- [EXERCISE REQUIREMENTS]
Leaving out every picture, retype the lines below from the top through the one that contains "text Artikel 9a.".

- [EXERCISE MATERIAL]
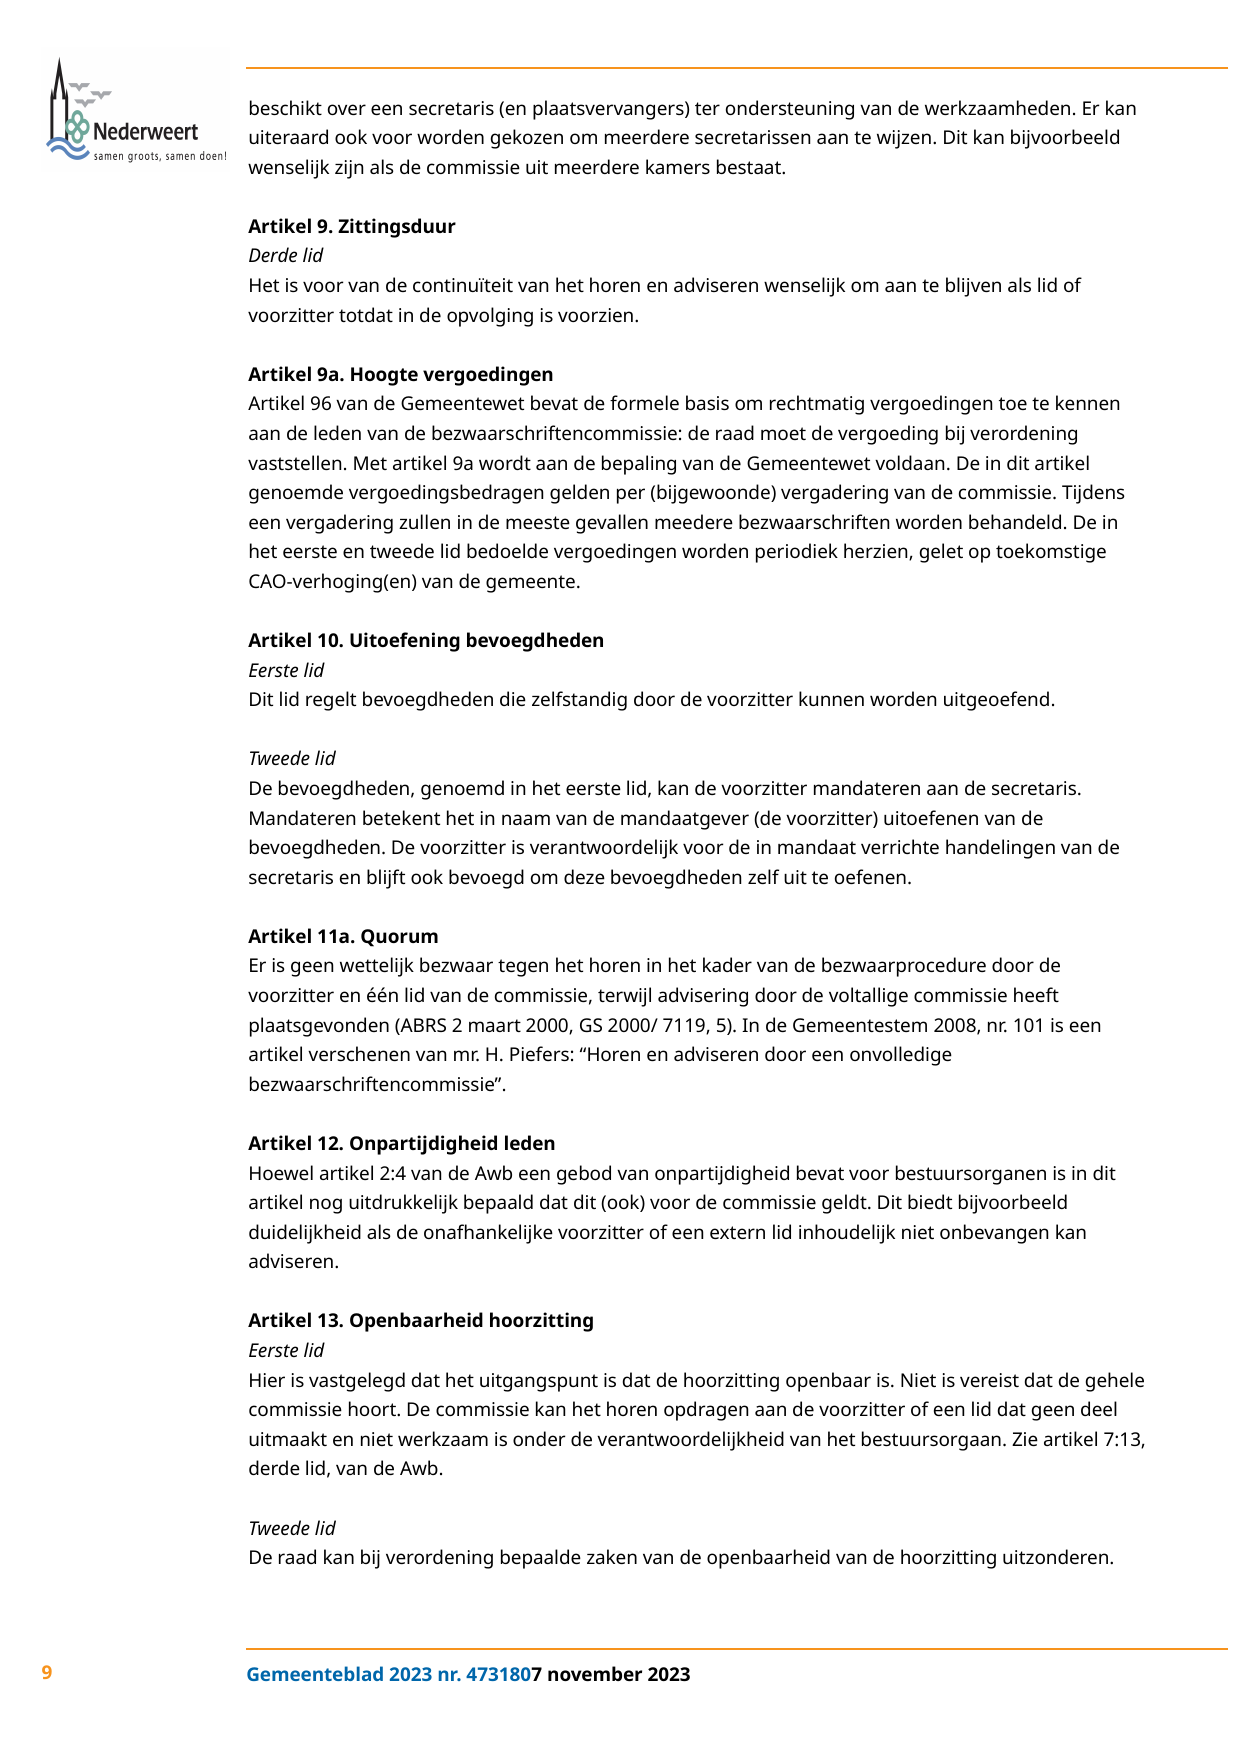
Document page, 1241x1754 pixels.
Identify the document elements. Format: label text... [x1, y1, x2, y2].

text Tweede lid [248, 746, 1152, 771]
text Artikel 9a. Hoogte vergoedingen [248, 361, 1152, 387]
text Artikel 13. Openbaarheid hoorzitting [248, 1308, 1152, 1333]
text Artikel 11a. Quorum [248, 923, 1152, 949]
text Eerste lid [248, 657, 1152, 683]
text Artikel 9. Zittingsduur [248, 213, 1152, 239]
picture [41, 47, 231, 172]
text Artikel 12. Onpartijdigheid leden [248, 1130, 1152, 1156]
text Dit lid regelt bevoegdheden die zelfstandig door de voorzitter kunnen worden uitgeoefend. [248, 686, 1152, 712]
text Hier is vastgelegd dat het uitgangspunt is dat de hoorzitting openbaar is. Niet is vereist dat de gehele commissie hoort. De commissie kan het horen opdragen aan de voorzitter of een lid dat geen deel uitmaakt en niet werkzaam is onder de verantwoordelijkheid van het bestuursorgaan. Zie artikel 7:13, derde lid, van de Awb. [248, 1367, 1152, 1481]
text Eerste lid [248, 1337, 1152, 1363]
text De bevoegdheden, genoemd in het eerste lid, kan de voorzitter mandateren aan de secretaris. Mandateren betekent het in naam van de mandaatgever (de voorzitter) uitoefenen van de bevoegdheden. De voorzitter is verantwoordelijk voor de in mandaat verrichte handelingen van de secretaris en blijft ook bevoegd om deze bevoegdheden zelf uit te oefenen. [248, 775, 1152, 890]
text Derde lid [248, 243, 1152, 268]
text Tweede lid [248, 1515, 1152, 1541]
text Het is voor van de continuïteit van het horen en adviseren wenselijk om aan te blijven als lid of voorzitter totdat in de opvolging is voorzien. [248, 272, 1152, 328]
text Artikel 96 van de Gemeentewet bevat de formele basis om rechtmatig vergoedingen toe te kennen aan de leden van de bezwaarschriftencommissie: de raad moet de vergoeding bij verordening vaststellen. Met artikel 9a wordt aan de bepaling van de Gemeentewet voldaan. De in dit artikel genoemde vergoedingsbedragen gelden per (bijgewoonde) vergadering van de commissie. Tijdens een vergadering zullen in de meeste gevallen meedere bezwaarschriften worden behandeld. De in het eerste en tweede lid bedoelde vergoedingen worden periodiek herzien, gelet op toekomstige CAO-verhoging(en) van de gemeente. [248, 391, 1152, 594]
text Er is geen wettelijk bezwaar tegen het horen in het kader van de bezwaarprocedure door de voorzitter en één lid van de commissie, terwijl advisering door de voltallige commissie heeft plaatsgevonden (ABRS 2 maart 2000, GS 2000/ 7119, 5). In de Gemeentestem 2008, nr. 101 is een artikel verschenen van mr. H. Piefers: “Horen en adviseren door een onvolledige bezwaarschriftencommissie”. [248, 953, 1152, 1097]
text Hoewel artikel 2:4 van de Awb een gebod van onpartijdigheid bevat voor bestuursorganen is in dit artikel nog uitdrukkelijk bepaald dat dit (ook) voor de commissie geldt. Dit biedt bijvoorbeeld duidelijkheid als de onafhankelijke voorzitter of een extern lid inhoudelijk niet onbevangen kan adviseren. [248, 1160, 1152, 1274]
text Artikel 10. Uitoefening bevoegdheden [248, 627, 1152, 653]
text beschikt over een secretaris (en plaatsvervangers) ter ondersteuning van de werkzaamheden. Er kan uiteraard ook voor worden gekozen om meerdere secretarissen aan te wijzen. Dit kan bijvoorbeeld wenselijk zijn als de commissie uit meerdere kamers bestaat. [248, 95, 1152, 180]
text De raad kan bij verordening bepaalde zaken van de openbaarheid van de hoorzitting uitzonderen. [248, 1544, 1152, 1570]

- [ANSWER BELOW]
Document page, 1241x1754 pixels.
Identify the document elements. Format: label text... [x1, y1, x2, y2].

text Tweede lid [248, 746, 1152, 771]
text Artikel 9a. Hoogte vergoedingen [248, 361, 1152, 387]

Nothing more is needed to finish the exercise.